DATA IN THIS EXERCISE:
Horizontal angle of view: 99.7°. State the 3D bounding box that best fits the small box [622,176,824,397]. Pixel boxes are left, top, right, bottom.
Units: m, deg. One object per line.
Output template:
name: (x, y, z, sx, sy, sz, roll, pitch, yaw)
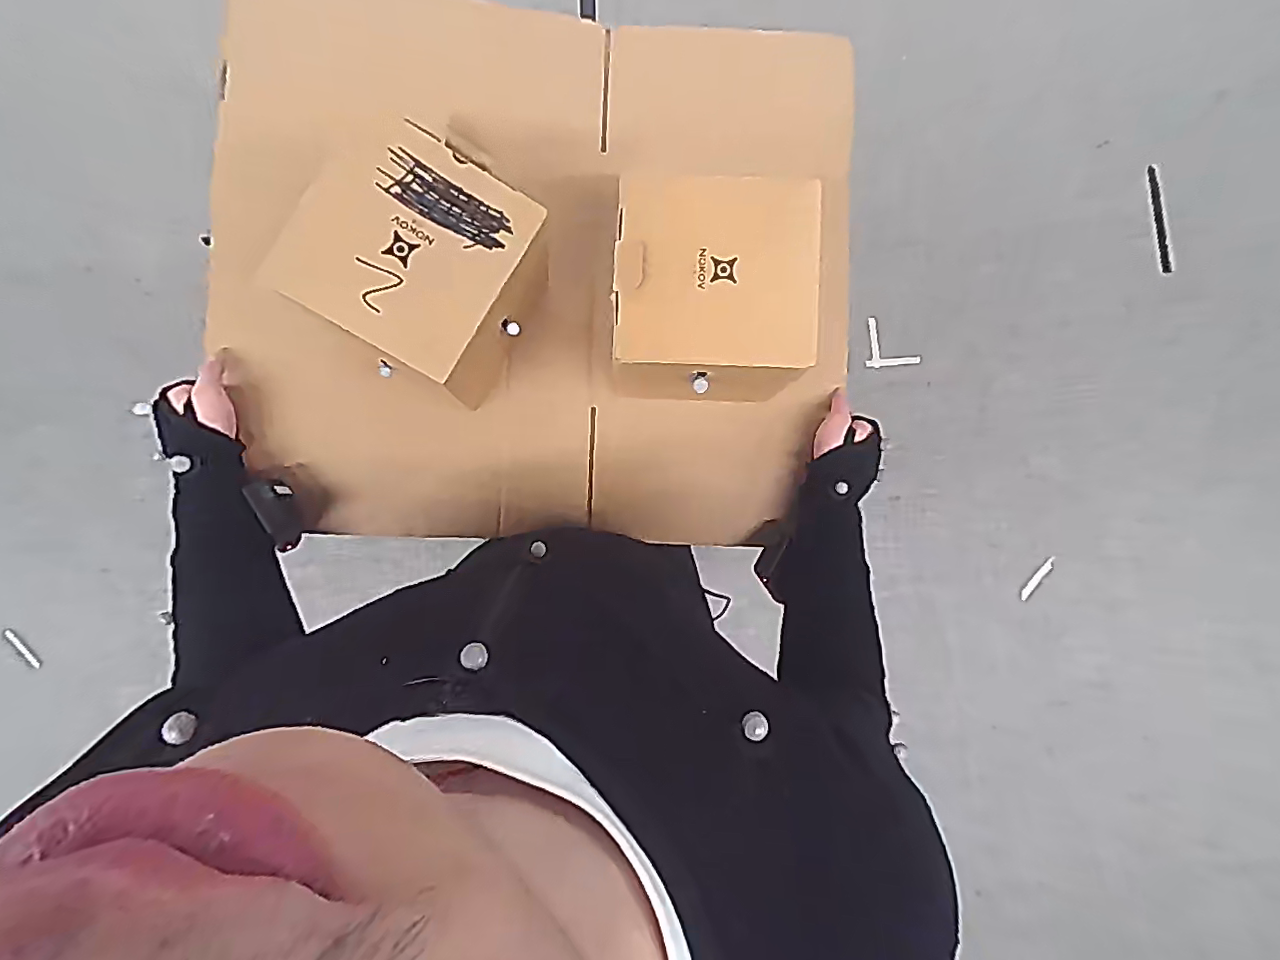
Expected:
small box: (0.074, -0.183, 0.559, 0.179, 0.176, 0.168, 2, 88, 0)

ASSIGNMENT:
Pictures excluded, print only the lines from the one with "Units: m, deg. One object per line." through the end of the entries above, exactly as written.

RESULT OF THE TASK:
Units: m, deg. One object per line.
Output template:
name: (x, y, z, sx, sy, sz, roll, pitch, yaw)
Expected:
small box: (0.074, -0.183, 0.559, 0.179, 0.176, 0.168, 2, 88, 0)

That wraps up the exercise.